Mais genericamente, é necessário reconhecer que todos os modelos económicos, incluindo os usados para discutir e avaliar as regras de política monetária, devido à sua natureza, são uma representação abstracta e incompleta do comportamento dos agentes económicos, podendo apenas captar alguns aspectos particulares da realidade, sendo modelos diferentes úteis para objectivos diferentes. Contudo, a política monetária tem que resistir a diversas formas de incerteza, as quais apenas são captadas de forma muito imperfeita na modelização da economia 9. Em particular, a incerteza quanto ao modelo implica que a política monetária não pode assentar numa qualquer regra de optimização específica de um modelo. Pelo contrário, a tomada de decisões robustas a nível da política monetária tem que ser compatível com perspectivas diferentes da estrutura da economia e do processo de transmissão da política monetária. Mais, a presença de incerteza no modelo, no parâmetro e nos dados – tudo o resto constante – desaconselha um excesso de confiança em regras baseadas em conceitos ou em indicadores (tais como, a taxa de juro real de equilíbrio ou o desvio do produto), os quais podem estar sujeitos a grandes erros de medição e à disputa metodológica.

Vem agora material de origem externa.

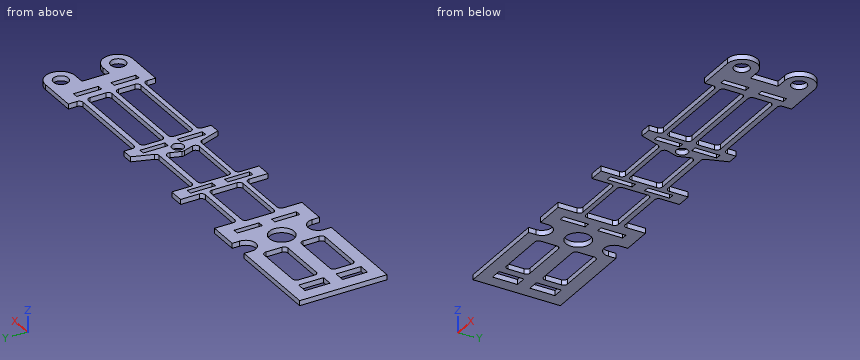
```python
from build123d import *

# Parameters (mm, degrees)
MODEL_R         = 3
MODEL_R_2       = 2.35
MODEL_R_3       = 5
MODEL_W         = 2.2
MODEL_H         = 10
MODEL_W_2       = 4.4
EXTRUDE_1_DEPTH = 2


with BuildPart() as part:
    # Model → 凸台-拉伸1 (new body)
    with BuildSketch(Plane.XY):
        with BuildLine():
            Line((42.75436257, 5.542220319), (42.75436257, 2.542220319))
            Line((42.75436257, 2.542220319), (5.024750427, 2.542220319))
            Line((5.024750427, 2.542220319), (5.024750427, 37.542220319))
            Line((5.024750427, 37.542220319), (42.75436257, 37.542220319))
            Line((42.75436257, 37.542220319), (42.75436257, 34.542220319))
            ThreePointArc((42.75436257, 34.542220319), (46.753332445, 30.45804663), (50.75230232, 34.542220319))
            Line((50.75230232, 34.542220319), (50.75230232, 37.542220319))
            Line((50.75230232, 37.542220319), (62.753332445, 37.542220319))
            Line((62.753332445, 37.542220319), (62.753332445, 30.042220319))
            ThreePointArc((62.753332445, 30.042220319), (63.192672273, 28.981560148), (64.253332445, 28.542220319))
            Line((64.253332445, 28.542220319), (84.253332445, 28.542220319))
            ThreePointArc((84.253332445, 28.542220319), (85.313992617, 28.981560148), (85.753332445, 30.042220319))
            Line((85.753332445, 30.042220319), (85.753332445, 37.542220319))
            Line((85.753332445, 37.542220319), (91.753332445, 37.542220319))
            Line((91.753332445, 37.542220319), (91.753332445, 30.042220319))
            ThreePointArc((91.753332445, 30.042220319), (92.192672273, 28.981560148), (93.253332445, 28.542220319))
            Line((93.253332445, 28.542220319), (115.596034226, 28.542220319))
            ThreePointArc((115.596034226, 28.542220319), (116.467891517, 28.821620113), (117.014953145, 29.555733833))
            Line((117.014953145, 29.555733833), (119.753177083, 37.542220319))
            Line((119.753177083, 37.542220319), (124.252549671, 37.542220319))
            Line((124.252549671, 37.542220319), (124.252549671, 34.042220319))
            ThreePointArc((124.252549671, 34.042220319), (124.6918895, 32.981560148), (125.752549671, 32.542220319))
            Line((125.752549671, 32.542220319), (160.352549671, 32.542220319))
            ThreePointArc((160.352549671, 32.542220319), (161.413209843, 32.981560148), (161.852549671, 34.042220319))
            Line((161.852549671, 34.042220319), (161.852549671, 37.542220319))
            Line((161.852549671, 37.542220319), (177.404402917, 37.542220319))
            ThreePointArc((177.404402917, 37.542220319), (183.404402917, 31.542220319), (177.404402917, 25.542220319))
            Line((177.404402917, 25.542220319), (172.92249216, 25.542220319))
            Line((172.92249216, 25.542220319), (172.92249216, 14.542220319))
            Line((172.92249216, 14.542220319), (177.404402917, 14.542220319))
            ThreePointArc((177.404402917, 14.542220319), (183.404402917, 8.542220319), (177.404402917, 2.542220319))
            Line((177.404402917, 2.542220319), (161.852549671, 2.542220319))
            Line((161.852549671, 2.542220319), (161.852549671, 6.042220319))
            ThreePointArc((161.852549671, 6.042220319), (161.413209843, 7.102880491), (160.352549671, 7.542220319))
            Line((160.352549671, 7.542220319), (125.752549671, 7.542220319))
            ThreePointArc((125.752549671, 7.542220319), (124.6918895, 7.102880491), (124.252549671, 6.042220319))
            Line((124.252549671, 6.042220319), (124.252549671, 2.542220319))
            Line((124.252549671, 2.542220319), (119.753177083, 2.542220319))
            Line((119.753177083, 2.542220319), (117.014953145, 10.528706806))
            ThreePointArc((117.014953145, 10.528706806), (116.467891517, 11.262820526), (115.596034226, 11.542220319))
            Line((115.596034226, 11.542220319), (93.253332445, 11.542220319))
            ThreePointArc((93.253332445, 11.542220319), (92.192672273, 11.102880491), (91.753332445, 10.042220319))
            Line((91.753332445, 10.042220319), (91.753332445, 2.542220319))
            Line((91.753332445, 2.542220319), (85.753332445, 2.542220319))
            Line((85.753332445, 2.542220319), (85.753332445, 10.042220319))
            ThreePointArc((85.753332445, 10.042220319), (85.313992617, 11.102880491), (84.253332445, 11.542220319))
            Line((84.253332445, 11.542220319), (64.253332445, 11.542220319))
            ThreePointArc((64.253332445, 11.542220319), (63.192672273, 11.102880491), (62.753332445, 10.042220319))
            Line((62.753332445, 10.042220319), (62.753332445, 2.542220319))
            Line((62.753332445, 2.542220319), (50.75230232, 2.542220319))
            Line((50.75230232, 2.542220319), (50.753797115, 5.474964717))
            ThreePointArc((50.753797115, 5.474964717), (46.787707643, 9.508309791), (42.75436257, 5.542220319))
        make_face()
        with Locations((177.291852583, 31.405122008)):
            Circle(MODEL_R, mode=Mode.SUBTRACT)
        with Locations((177.291852583, 8.405122008)):
            Circle(MODEL_R, mode=Mode.SUBTRACT)
        with Locations((117.403177083, 19.905122008)):
            Circle(MODEL_R_2, mode=Mode.SUBTRACT)
        with Locations((47.026395841, 19.905122008)):
            Circle(MODEL_R_3, mode=Mode.SUBTRACT)
        with Locations((57.053332445, 27.405122008)):
            Rectangle(MODEL_W, MODEL_H, mode=Mode.SUBTRACT)
        with Locations((57.053332445, 12.405122008)):
            Rectangle(MODEL_W, MODEL_H, mode=Mode.SUBTRACT)
        with Locations((165.952549671, 27.405122008)):
            Rectangle(MODEL_W, MODEL_H, mode=Mode.SUBTRACT)
        with Locations((165.952549671, 12.405122008)):
            Rectangle(MODEL_W, MODEL_H, mode=Mode.SUBTRACT)
        with Locations((120.853177083, 27.405122008)):
            Rectangle(MODEL_W, MODEL_H, mode=Mode.SUBTRACT)
        with Locations((120.853177083, 12.405122008)):
            Rectangle(MODEL_W, MODEL_H, mode=Mode.SUBTRACT)
        Polygon((87.753332445, 32.405122008), (89.953332445, 32.405122008), (89.953318849, 22.40745396), (87.753332445, 22.405122008), align=None, mode=Mode.SUBTRACT)
        Polygon((87.799905777, 7.3998381), (89.999905777, 7.3998381), (89.953262633, 17.3998381), (87.799905777, 17.3998381), align=None, mode=Mode.SUBTRACT)
        with BuildLine():
            Line((63.253332445, 26.405122008), (84.253332445, 26.405122008))
            ThreePointArc((84.253332445, 26.405122008), (85.313992617, 25.96578218), (85.753332445, 24.905122008))
            Line((85.753332445, 24.905122008), (85.753332445, 14.905122008))
            ThreePointArc((85.753332445, 14.905122008), (85.313992617, 13.844461836), (84.253332445, 13.405122008))
            Line((84.253332445, 13.405122008), (63.253332445, 13.405122008))
            ThreePointArc((63.253332445, 13.405122008), (62.192672273, 13.844461836), (61.753332445, 14.905122008))
            Line((61.753332445, 14.905122008), (61.753332445, 24.905122008))
            ThreePointArc((61.753332445, 24.905122008), (62.192672273, 25.96578218), (63.253332445, 26.405122008))
        make_face(mode=Mode.SUBTRACT)
        with BuildLine():
            Line((113.881748512, 13.405122008), (93.253332445, 13.405122008))
            ThreePointArc((93.253332445, 13.405122008), (92.192672273, 13.844461836), (91.753332445, 14.905122008))
            Line((91.753332445, 14.905122008), (91.753332445, 24.905122008))
            ThreePointArc((91.753332445, 24.905122008), (92.192672273, 25.96578218), (93.253332445, 26.405122008))
            Line((93.253332445, 26.405122008), (113.881748512, 26.405122008))
            ThreePointArc((113.881748512, 26.405122008), (115.102348719, 25.776979299), (115.300667431, 24.418635521))
            Line((115.300667431, 24.418635521), (113.91997245, 20.391608494))
            ThreePointArc((113.91997245, 20.391608494), (113.838891369, 19.905122008), (113.91997245, 19.418635521))
            Line((113.91997245, 19.418635521), (115.300667431, 15.391608494))
            ThreePointArc((115.300667431, 15.391608494), (115.102348719, 14.033264717), (113.881748512, 13.405122008))
        make_face(mode=Mode.SUBTRACT)
        with BuildLine():
            Line((161.852549671, 22.405122008), (161.852549671, 28.905122008))
            ThreePointArc((161.852549671, 28.905122008), (161.413209843, 29.96578218), (160.352549671, 30.405122008))
            Line((160.352549671, 30.405122008), (125.752549671, 30.405122008))
            ThreePointArc((125.752549671, 30.405122008), (124.6918895, 29.96578218), (124.252549671, 28.905122008))
            Line((124.252549671, 28.905122008), (124.252549671, 22.405122008))
            ThreePointArc((124.252549671, 22.405122008), (124.6918895, 21.344461836), (125.752549671, 20.905122008))
            Line((125.752549671, 20.905122008), (160.352549671, 20.905122008))
            ThreePointArc((160.352549671, 20.905122008), (161.413209843, 21.344461836), (161.852549671, 22.405122008))
        make_face(mode=Mode.SUBTRACT)
        with BuildLine():
            Line((124.252549671, 17.405122008), (124.252549671, 10.905122008))
            ThreePointArc((124.252549671, 10.905122008), (124.6918895, 9.844461836), (125.752549671, 9.405122008))
            Line((125.752549671, 9.405122008), (160.352549671, 9.405122008))
            ThreePointArc((160.352549671, 9.405122008), (161.413209843, 9.844461836), (161.852549671, 10.905122008))
            Line((161.852549671, 10.905122008), (161.852549671, 17.405122008))
            ThreePointArc((161.852549671, 17.405122008), (161.413209843, 18.46578218), (160.352549671, 18.905122008))
            Line((160.352549671, 18.905122008), (125.752549671, 18.905122008))
            ThreePointArc((125.752549671, 18.905122008), (124.6918895, 18.46578218), (124.252549671, 17.405122008))
        make_face(mode=Mode.SUBTRACT)
        with Locations((12.224750427, 27.405122008)):
            Rectangle(MODEL_W_2, MODEL_H, mode=Mode.SUBTRACT)
        with Locations((12.224750427, 12.405122008)):
            Rectangle(MODEL_W_2, MODEL_H, mode=Mode.SUBTRACT)
        with BuildLine():
            Line((19.024477888, 17.191523075), (38.228465706, 17.191523075))
            ThreePointArc((38.228465706, 17.191523075), (39.289125877, 16.752183247), (39.728465706, 15.691523075))
            Line((39.728465706, 15.691523075), (39.728465706, 9.191523075))
            ThreePointArc((39.728465706, 9.191523075), (39.289125877, 8.130862903), (38.228465706, 7.691523075))
            Line((38.228465706, 7.691523075), (19.024477888, 7.691523075))
            ThreePointArc((19.024477888, 7.691523075), (17.963817716, 8.130862903), (17.524477888, 9.191523075))
            Line((17.524477888, 9.191523075), (17.524477888, 15.691523075))
            ThreePointArc((17.524477888, 15.691523075), (17.963817716, 16.752183247), (19.024477888, 17.191523075))
        make_face(mode=Mode.SUBTRACT)
        with BuildLine():
            Line((19.024477888, 22.618720941), (38.228465706, 22.618720941))
            ThreePointArc((38.228465706, 22.618720941), (39.289125877, 23.058060769), (39.728465706, 24.118720941))
            Line((39.728465706, 24.118720941), (39.728465706, 30.618720941))
            ThreePointArc((39.728465706, 30.618720941), (39.289125877, 31.679381113), (38.228465706, 32.118720941))
            Line((38.228465706, 32.118720941), (19.024477888, 32.118720941))
            ThreePointArc((19.024477888, 32.118720941), (17.963817716, 31.679381113), (17.524477888, 30.618720941))
            Line((17.524477888, 30.618720941), (17.524477888, 24.118720941))
            ThreePointArc((17.524477888, 24.118720941), (17.963817716, 23.058060769), (19.024477888, 22.618720941))
        make_face(mode=Mode.SUBTRACT)
    extrude(amount=EXTRUDE_1_DEPTH)


solid = part.part
```
Build history of the part. All positions in model axes, mm. Give positions to 0.01 mm unless a question says otherwise; leave off trailing zeros. Loops run counter-clockwise (first coordinate to the right, second up) from the corner with the lowest first, then second, coordinate; pieces in that order, holes last.
Item 1: Drill centre lines: line 1 (Y direction, x = 30, z = 1.1); line 2 (Y direction, x = 102, z = 0.2); line 3 (Y direction, x = 128.5, z = 0.45). Where is each one in solid material? Low to high.
Answers follow:
line 1: y = 2.54 to 7.69, 17.19 to 22.62, 32.12 to 37.54
line 2: y = 11.54 to 13.41, 26.41 to 28.54
line 3: y = 7.54 to 9.41, 18.91 to 20.91, 30.41 to 32.54
Item 2: Slice it at A-A, the plane x = 66. List the corners of the cut face in (y, z), and give its area (3 significant figures).
Answers follow:
outline: (11.54, 0) - (13.41, 0) - (13.41, 2) - (11.54, 2) - close; (26.41, 0) - (28.54, 0) - (28.54, 2) - (26.41, 2) - close
area: 8.00 mm2
Item 3: Slice it at B-B, the plane x = 135. List the corners of the cut face in (y, z).
Answers follow:
outline: (7.54, 0) - (9.41, 0) - (9.41, 2) - (7.54, 2) - close; (18.91, 0) - (20.91, 0) - (20.91, 2) - (18.91, 2) - close; (30.41, 0) - (32.54, 0) - (32.54, 2) - (30.41, 2) - close
Item 4: Flat gauge pins, fed straight in: pin 1 (1 mm diameter, centred on x = 76, z = 1, fed in from +Y); pin 2 (1 mm diameter, centred on y = 11, z = 0.5, fed in from +X). Where does each tip first touch, or does it go through?
Answers follow:
pin 1: stops at y = 28.54
pin 2: stops at x = 183.08
Item 5: Slice it at C-C, the plane z = 1.65. Give the number of separate pieces and of enclosed holes in the cut face, and give its area (3 significant figures).
Answers follow:
separate pieces: 1
enclosed holes: 20
area: 2,590 mm2

Em consequência do grau de complexidade e da natureza da incerteza de que se reveste a política monetária, os bancos centrais não conseguem definir em pormenor o problema das decisão de política monetária e transmitir – com um determinado grau de precisão – a sua verdadeira “regra de política” ou a “função de reacção” no sentido estrito dos termos. Tal situação exigiria que o banco central especificasse um plano de contingência completo, descrevendo a definição da política em função de uma lista exaustiva de acontecimentos e circunstâncias possíveis, aos quais os bancos centrais podem reagir no futuro.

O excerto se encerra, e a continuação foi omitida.